Does mortgage insurance get added to the loan?

Mortgage insurance for lenders (LMI) is a single, non-refundable, non-transferable premium added to your mortgage loan. It is calculated based on the amount of your deposit and the amount you borrow.

Does mortgage insurance get added to the loan?

Mortgage insurance for lenders (LMI) is a single, non-refundable, non-transferable premium added to your mortgage loan. It is calculated based on the amount of your deposit and the amount you borrow. The more you contribute to the purchase price of your property, the lower the cost. Capitalize the LMI premium on your loan, add the full premium to the total amount of the loan, and it's paid off with ongoing repayments on your mortgage loan.

Your mortgage broker will be able to identify not only how likely the LMI is to be approved, but also how long the application may take. So, it's important to remember that the lender's mortgage insurance doesn't protect you, but the lender. Consumers buying a home should consider other forms of insurance to protect their assets, in particular home and content insurance. The LMI is the insurance premium on your loan that allows you to borrow up to, in most cases, up to 95% of the value of the property.

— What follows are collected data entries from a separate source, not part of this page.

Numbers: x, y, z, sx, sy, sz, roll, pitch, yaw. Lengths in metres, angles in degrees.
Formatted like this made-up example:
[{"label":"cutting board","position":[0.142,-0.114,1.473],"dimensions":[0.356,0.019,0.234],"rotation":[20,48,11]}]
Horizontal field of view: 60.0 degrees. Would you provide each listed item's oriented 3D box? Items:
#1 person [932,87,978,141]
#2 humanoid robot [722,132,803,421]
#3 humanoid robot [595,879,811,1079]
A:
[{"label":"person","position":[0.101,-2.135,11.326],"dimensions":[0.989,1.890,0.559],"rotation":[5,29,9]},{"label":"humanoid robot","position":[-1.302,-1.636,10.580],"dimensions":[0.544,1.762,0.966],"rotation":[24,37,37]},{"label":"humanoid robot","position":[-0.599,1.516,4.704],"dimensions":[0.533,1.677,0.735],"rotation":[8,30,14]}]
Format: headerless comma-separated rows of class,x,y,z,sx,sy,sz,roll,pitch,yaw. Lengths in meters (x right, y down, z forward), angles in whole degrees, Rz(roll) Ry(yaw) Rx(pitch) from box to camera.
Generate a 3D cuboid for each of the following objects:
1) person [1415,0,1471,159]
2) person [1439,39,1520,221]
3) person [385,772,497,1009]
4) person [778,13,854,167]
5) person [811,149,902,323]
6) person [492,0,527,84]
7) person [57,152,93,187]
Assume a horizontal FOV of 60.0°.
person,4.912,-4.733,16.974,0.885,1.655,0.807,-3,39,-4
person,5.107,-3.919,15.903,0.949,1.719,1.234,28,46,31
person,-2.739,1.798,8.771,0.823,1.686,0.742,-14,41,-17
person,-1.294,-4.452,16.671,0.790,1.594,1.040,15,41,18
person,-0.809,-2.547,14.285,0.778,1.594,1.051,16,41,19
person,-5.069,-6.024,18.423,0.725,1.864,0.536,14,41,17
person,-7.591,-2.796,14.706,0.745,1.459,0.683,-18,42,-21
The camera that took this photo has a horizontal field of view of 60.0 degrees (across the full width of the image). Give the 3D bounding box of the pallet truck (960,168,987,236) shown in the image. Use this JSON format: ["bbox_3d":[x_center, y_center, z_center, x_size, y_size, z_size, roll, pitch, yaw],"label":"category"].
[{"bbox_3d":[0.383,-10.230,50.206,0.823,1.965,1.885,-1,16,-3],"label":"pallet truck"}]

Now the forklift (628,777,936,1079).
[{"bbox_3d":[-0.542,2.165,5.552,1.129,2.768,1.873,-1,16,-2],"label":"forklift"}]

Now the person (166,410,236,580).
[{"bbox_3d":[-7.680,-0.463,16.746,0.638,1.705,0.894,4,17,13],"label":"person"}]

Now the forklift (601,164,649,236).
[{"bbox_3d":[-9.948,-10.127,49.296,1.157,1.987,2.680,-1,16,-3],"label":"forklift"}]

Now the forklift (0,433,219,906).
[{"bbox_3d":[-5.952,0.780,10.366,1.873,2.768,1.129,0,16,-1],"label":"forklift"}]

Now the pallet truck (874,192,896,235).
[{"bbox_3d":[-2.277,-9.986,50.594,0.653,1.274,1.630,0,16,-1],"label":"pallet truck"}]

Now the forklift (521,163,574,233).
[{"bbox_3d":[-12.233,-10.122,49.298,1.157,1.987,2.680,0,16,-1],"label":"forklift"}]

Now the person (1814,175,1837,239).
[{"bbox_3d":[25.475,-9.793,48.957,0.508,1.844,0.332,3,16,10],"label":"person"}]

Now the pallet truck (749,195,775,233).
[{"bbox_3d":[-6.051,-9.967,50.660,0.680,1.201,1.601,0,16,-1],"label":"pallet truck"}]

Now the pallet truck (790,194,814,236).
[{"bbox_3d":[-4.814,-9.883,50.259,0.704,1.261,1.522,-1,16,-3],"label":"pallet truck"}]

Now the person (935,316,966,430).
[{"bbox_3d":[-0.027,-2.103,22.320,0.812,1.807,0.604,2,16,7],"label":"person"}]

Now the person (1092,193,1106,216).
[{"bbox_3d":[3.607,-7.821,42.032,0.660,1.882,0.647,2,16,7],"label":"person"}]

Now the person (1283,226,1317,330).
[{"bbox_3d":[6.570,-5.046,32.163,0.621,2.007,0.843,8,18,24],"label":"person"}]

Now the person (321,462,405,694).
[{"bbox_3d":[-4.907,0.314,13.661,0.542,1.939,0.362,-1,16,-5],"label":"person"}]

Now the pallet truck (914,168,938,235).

While most lenders tend to trust lenders' mortgage insurance if the LVR is greater than 80%, some lenders have created their own alternative (and often in-house) risk process. Qualifying for the LMI means passing an insurance company's qualification guidelines, as well as the lender's criteria for applying for a mortgage loan. Your mortgage broker will help you calculate all the costs involved so that you have an accurate idea of how much money you will have to spend on buying your property. Because it's actually the mortgage insurance company that assumes the risk of your mortgage loan, it may have more stringent criteria for granting approval.

Mortgage protection insurance is designed to help you pay your mortgage if you become seriously ill or disabled and unable to work. There are many different types of homebuilding insurance policies available to fit a wide range of life circumstances, and Understand Insurance offers several calculators to help you determine if you have enough coverage. The LMI insurer can pay your lender an amount according to the LMI policy and then ask you, the borrower, to return this amount directly. When applying for a mortgage loan with a deposit less than 20% of the purchase price of the property, lenders will generally require you to take out mortgage insurance (LMI) from the lender.

The Insurance Council of Australia manages Find an Insurer, which can help homeowners identify insurers that offer the products they are looking for. Make sure you don't confuse LMI with mortgage protection insurance; this is a completely different insurance product. By using the LMI, lenders can transfer this risk to a mortgage insurer, allowing it to offer the same loan amount but with a lower deposit.